Gibt es Pflanzen, die diese Tiere nicht anrühren und einfach gedeihen lassen? 
Ich habe bereits meinen großen Teich umgebaut, sodass dieser nun eine größere Hälfte und eine kleinere Hälfte hat. Die beiden Teiche sind mit einem ca. 1 m langem Bach verbunden, der ca. 15cm tief ist. 
Diese Biester springen einfach über diesen Bach rüber und gelangen nun auch in meinen Pflanzenteich, der nur fürs Laichen gedacht war. 
Habt ihr Ideen wie ich das ganze besser gestalten könnte?


----------



## Starvalley (21. Apr. 2009)

*AW: Wasserpflanzen und  Graskarpfen*



Torfkop schrieb:


> ...Gibt es Pflanzen, die diese Tiere nicht anrühren und einfach gedeihen lassen?...

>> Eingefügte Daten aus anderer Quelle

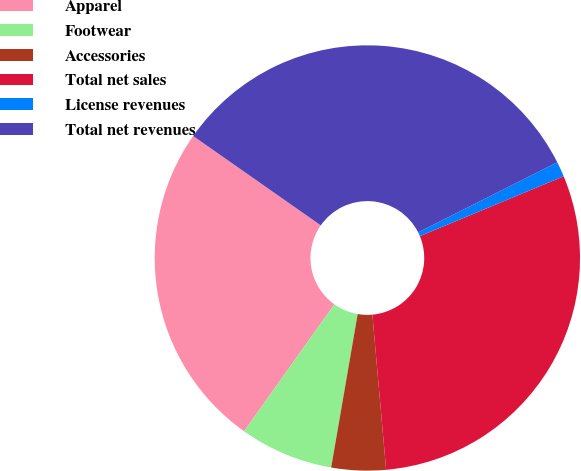Convert chart to OTSL. <chart><loc_0><loc_0><loc_500><loc_500><pie_chart><fcel>Apparel<fcel>Footwear<fcel>Accessories<fcel>Total net sales<fcel>License revenues<fcel>Total net revenues<nl><fcel>24.88%<fcel>7.12%<fcel>4.13%<fcel>29.87%<fcel>1.15%<fcel>32.85%<nl></chart> 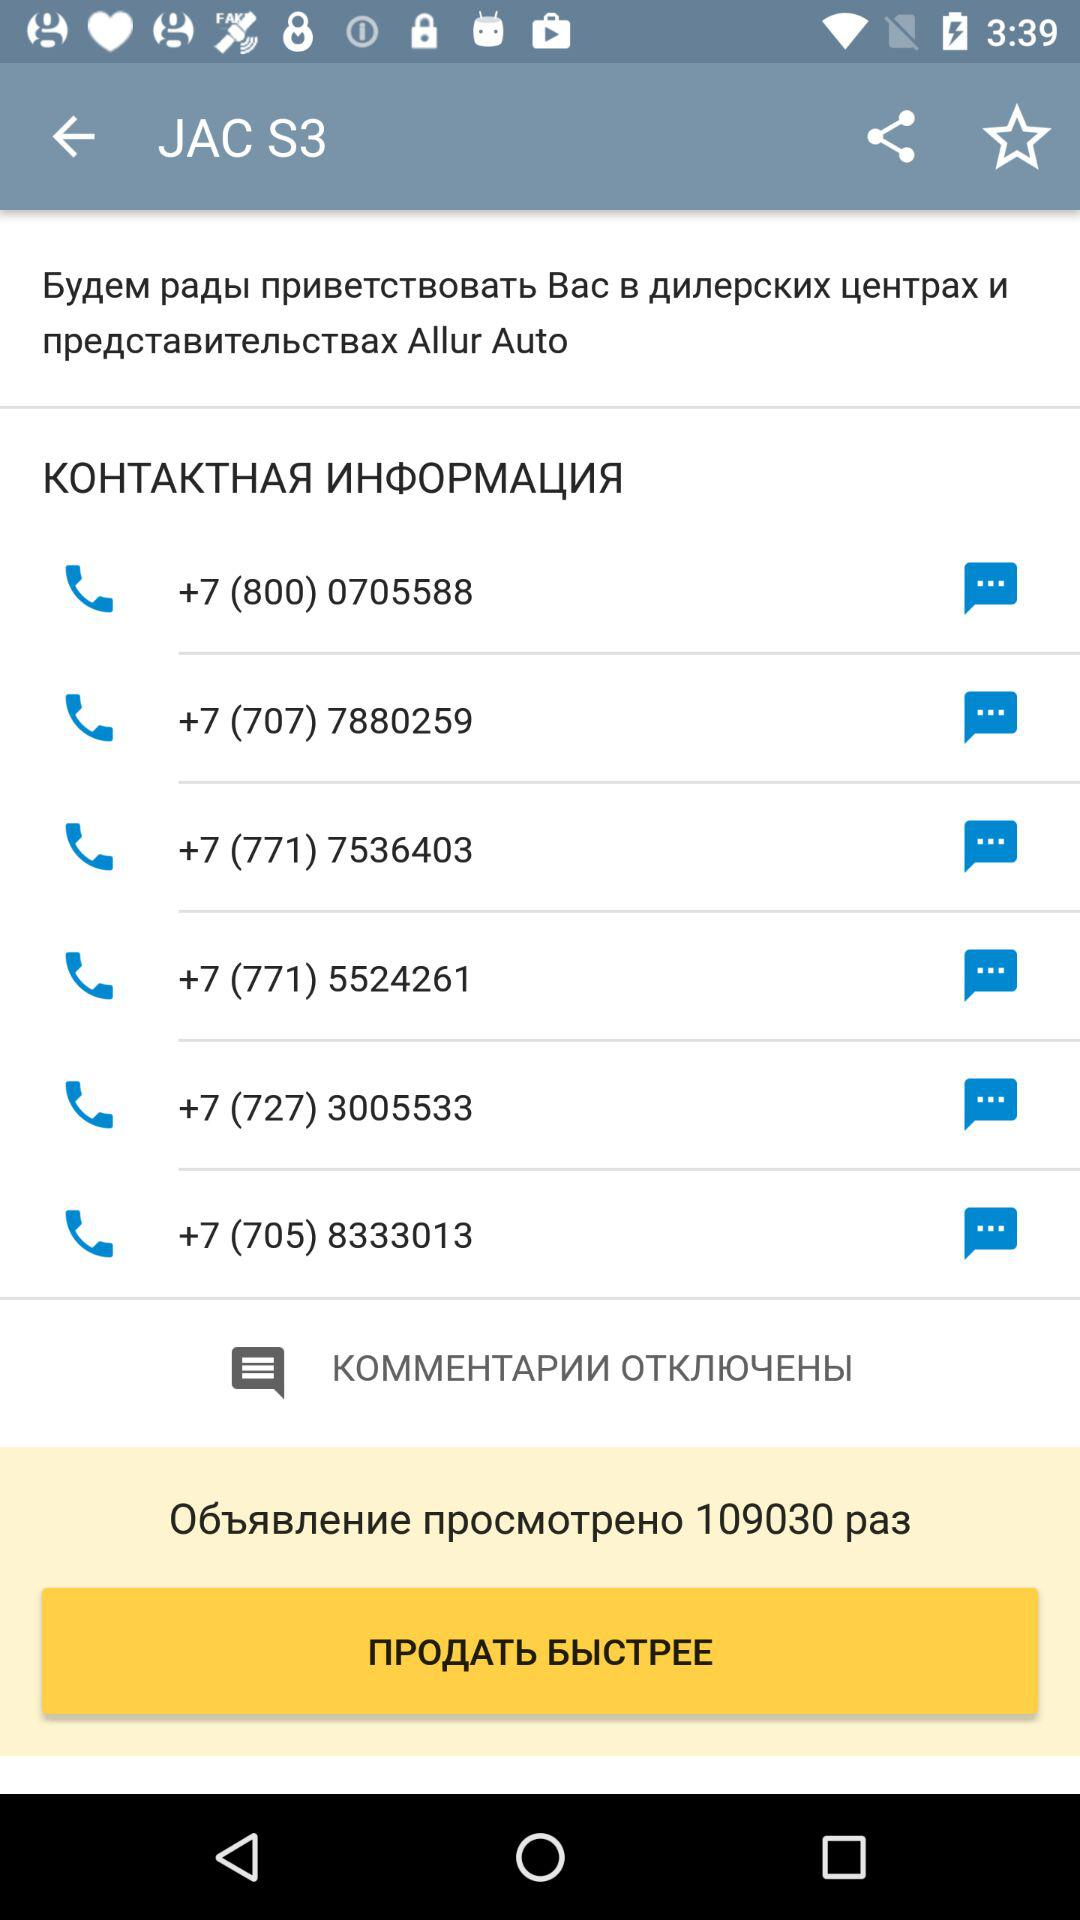How many contacts are there?
Answer the question using a single word or phrase. 6

Ja, gibt es - alle Wasserpflanzen!!! 

War nur ein Scherz. Ich habe schon sehr oft gehört, dass Grasskarpfen sämtliche für sie erreichbare Pflanzen vernichten sollen. Ich selbst habe seit drei Jahren zwei Graskarpfen (35 cm) in meinem Teich. Bislang gedeihen alle Pflanzen hervorragend und ich habe auch noch nie gesehen, dass die Graskarpfen sich über die Pflanzen hermachen.

Ist das wirklich so schlimm mit diesen Graskarpfen??? 

Grüße aus der Eifel
Thomas.


----------



## Nymphaion (21. Apr. 2009)

*AW: Wasserpflanzen und  Graskarpfen*

ja, die  graskarpfen sind so schlimm. wir haben sie mal für uns arbeiten lassen weil unser großer teich heftigst voller unterwasserpflanzen war als wir ihn übernommen haben. es waren vor allem __ tausendblatt und laichkräuter in solchen massen vorhanden, dass man fast übers wasser hätte wandeln können. an einem tag haben wir mit einem kleinen ruderboot versucht möglichst viel pflanzen aus dem teich zu führen. das ergebnis war ein gigantischer komposthaufen an land, aber im teich sah man keinen unterschied zu vorher. da haben wir 40 kleine graskarpfen eingesetzt und in zwei jahren war der teich vollkommen ohne pflanzen...


----------



## Knoblauchkröte (22. Apr. 2009)

*AW: Wasserpflanzen und  Graskarpfen*

Hi Thomas,

manchmal brauchen die Graser etwas bis sie auf den Geschmack kommen.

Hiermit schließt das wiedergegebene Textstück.